Une réflexivité tournée sur soi et ses outils

L’approche du terrain la plus appropriée suppose d’être ouvert et réflexif sur l’existence de différents modes d’interprétation du matériel empirique, ce qui est plus important que le fait de donner des réponses absolues. Les résultats empiriques ne parlent pas pour eux-mêmes, mais peuvent être interprétés et évalués de manières très différentes (Alvesson & Billing, 1997, p. 153). Celles-ci passent par la prise en compte de l’importance du langage et de la nécessité d’alterner entre des vocabulaires différents en adoptant une approche trans-disciplinaire (Alvesson & Billing, 1997, p. 49), mais aussi par la prise en compte de la dimension politique et idéologique du problème, ainsi que des apports des théories post-modernes sur « comment éviter le piège des généralisations sans substance ».

La dimension réflexive s’est avérée importante dans toutes les étapes du cheminement non linéaire de la recherche, supposant des allers et retours entre la théorie et le terrain.
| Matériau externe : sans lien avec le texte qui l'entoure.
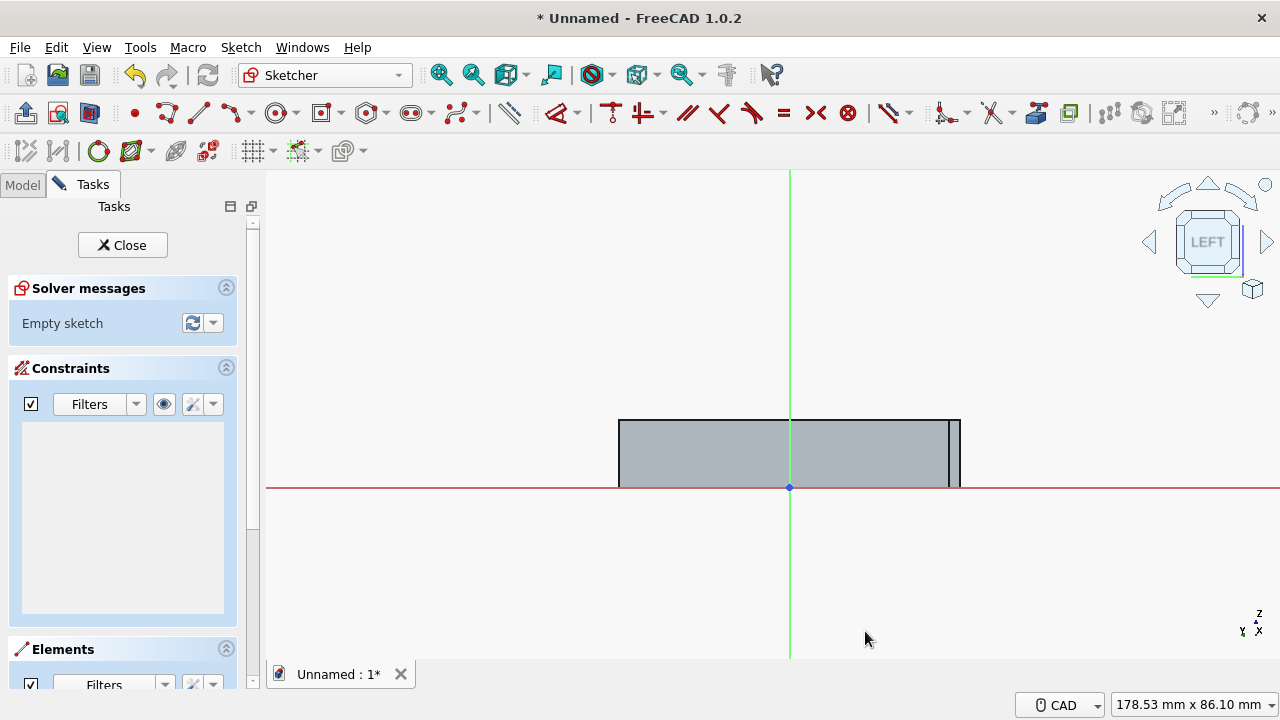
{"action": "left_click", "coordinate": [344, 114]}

D’ailleurs, selon Loft (1992), l’étude du genre demande une considération de nos propres positions et actions et non pas seulement de celles de nos sujets de recherche. Une démarche réflexive suppose l’adoption d’une posture réfléchie qui tourne le chercheur vers lui-même, et une attention spéciale au processus d’interprétation pour rendre compte du fait que la réalité est construite et que les données sont dépendantes de la théorie (Alvesson & Skoldberg, 2000, p. 5).

L’écriture et la compréhension du terrain n’ont pas été difficiles seulement à cause du fait que je pensais dans une langue et j’écrivais dans une autre, mais surtout à cause de mes propres idées reçues, croyances, stéréotypes qui façonnaient ma vision du monde. D’ailleurs, les chercheurs féministes ont attiré l’attention sur la nature sexué du processus de recherche, reconnaissant que les créateurs de savoir sont sexués et en conséquence le savoir généré l’est aussi (Acker, 1990 ; Calas & Smircich, 1996).

Pour ma part, je pense avoir réussi grâce à ce voyage et aux rencontres que j’ai faits, de me comprendre mieux moi-même en tant que femme et professionnelle. J’ai appris à exercer la réflexivité et, en l’exerçant, à reconnaître des écueils tel que l’essentialisme. La réflexivité est considérée par certains chercheurs comme le critère principal de validation de la recherche interprétative (Alhteide & Johnson, 1994 ; Nadin & Cassell, 2006). Elle est définie comme une modalité de « penser nos propres pensées » (thinking

about our own thinking) selon Johnson & Duberley (2003)96. Pendant cette recherche, j’ai appliqué une réflexivité plus élargie par rapport à la définition d’au dessus. Ainsi, je n’ai pas seulement appliqué la réflexivité à mes propres méthodes et interprétations, mais aussi à moi-même comme individu qui se raconte lui-même à travers ses interprétations du terrain, à moi-même qui évolue pendant la recherche, à moi-même qui ne suis pas la même qu’au début de cette recherche.

Adopter une approche réflexive a été en fin de compte une manière d’aller plus loin dans l’analyse des entretiens tout en exposant le cheminement de ma pensée. La subjectivité a joué un rôle important tout au long de ce parcours comme la seule manière pour donner de la validité à ma recherche dès que je suis sortie des sentiers battus de la grounded theory. En dépit de la valeur ajoutée apportée par l’intégration de la subjectivité dans la recherche, mon approche reste critiquable par un certain nombre de chercheurs, surtout d’orientation positiviste. Afin de balancer ces critiques, mais surtout parce que ma méthodologie l’imposait, j’ai adopté une démarche de transparence qui consiste à fournir aux lecteurs les traces de ma pensée. Au manque de transparence méthodologique affiché par certaines recherches en sciences de gestion juste à cause du fait qu’elles se limitent à suivre des méthodologies académiquement ‘approuvées’, j’ai opposé une méthodologie réflexive qui est réactive, adaptative et transparente.